WORK ORDER
Across the entries below, how many lines have the string "item" in them? Reply with only the number.

Saved entries
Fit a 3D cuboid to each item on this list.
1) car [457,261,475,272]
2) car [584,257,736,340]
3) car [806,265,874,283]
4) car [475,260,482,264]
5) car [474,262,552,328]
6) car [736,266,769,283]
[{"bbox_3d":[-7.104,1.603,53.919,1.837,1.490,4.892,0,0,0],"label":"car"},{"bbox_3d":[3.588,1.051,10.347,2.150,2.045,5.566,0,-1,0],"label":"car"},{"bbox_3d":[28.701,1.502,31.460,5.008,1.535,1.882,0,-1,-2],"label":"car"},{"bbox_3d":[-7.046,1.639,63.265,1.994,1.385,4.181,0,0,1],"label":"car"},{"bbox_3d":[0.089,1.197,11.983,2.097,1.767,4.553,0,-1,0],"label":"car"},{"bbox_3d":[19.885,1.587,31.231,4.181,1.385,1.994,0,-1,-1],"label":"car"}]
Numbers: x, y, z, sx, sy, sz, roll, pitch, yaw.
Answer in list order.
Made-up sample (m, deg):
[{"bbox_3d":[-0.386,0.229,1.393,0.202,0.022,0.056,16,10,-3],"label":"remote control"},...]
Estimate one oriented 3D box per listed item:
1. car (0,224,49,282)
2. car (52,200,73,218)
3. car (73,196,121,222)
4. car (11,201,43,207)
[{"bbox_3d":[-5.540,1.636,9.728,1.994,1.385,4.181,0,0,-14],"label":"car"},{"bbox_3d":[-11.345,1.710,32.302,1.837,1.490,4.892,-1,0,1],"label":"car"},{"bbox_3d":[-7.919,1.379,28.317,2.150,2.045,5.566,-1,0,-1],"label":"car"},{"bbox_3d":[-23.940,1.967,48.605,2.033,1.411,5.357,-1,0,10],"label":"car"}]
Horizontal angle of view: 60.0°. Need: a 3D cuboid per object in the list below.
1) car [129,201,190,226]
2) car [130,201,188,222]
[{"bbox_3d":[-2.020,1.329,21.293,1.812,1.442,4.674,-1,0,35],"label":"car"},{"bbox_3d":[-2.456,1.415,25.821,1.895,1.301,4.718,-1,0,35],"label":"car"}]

...

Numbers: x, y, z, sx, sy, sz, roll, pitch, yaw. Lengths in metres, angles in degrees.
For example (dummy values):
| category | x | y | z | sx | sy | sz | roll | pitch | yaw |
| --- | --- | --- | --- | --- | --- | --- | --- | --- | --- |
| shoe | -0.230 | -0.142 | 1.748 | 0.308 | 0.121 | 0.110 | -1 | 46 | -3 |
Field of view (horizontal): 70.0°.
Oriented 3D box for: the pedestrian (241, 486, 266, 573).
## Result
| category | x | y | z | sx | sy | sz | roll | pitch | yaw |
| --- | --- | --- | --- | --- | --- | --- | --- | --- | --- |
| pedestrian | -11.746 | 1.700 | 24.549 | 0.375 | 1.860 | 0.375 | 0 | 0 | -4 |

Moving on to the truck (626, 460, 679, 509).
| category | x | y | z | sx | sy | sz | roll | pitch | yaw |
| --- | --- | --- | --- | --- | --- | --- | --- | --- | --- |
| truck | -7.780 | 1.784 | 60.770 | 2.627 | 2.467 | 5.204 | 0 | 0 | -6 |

SOLUTION
2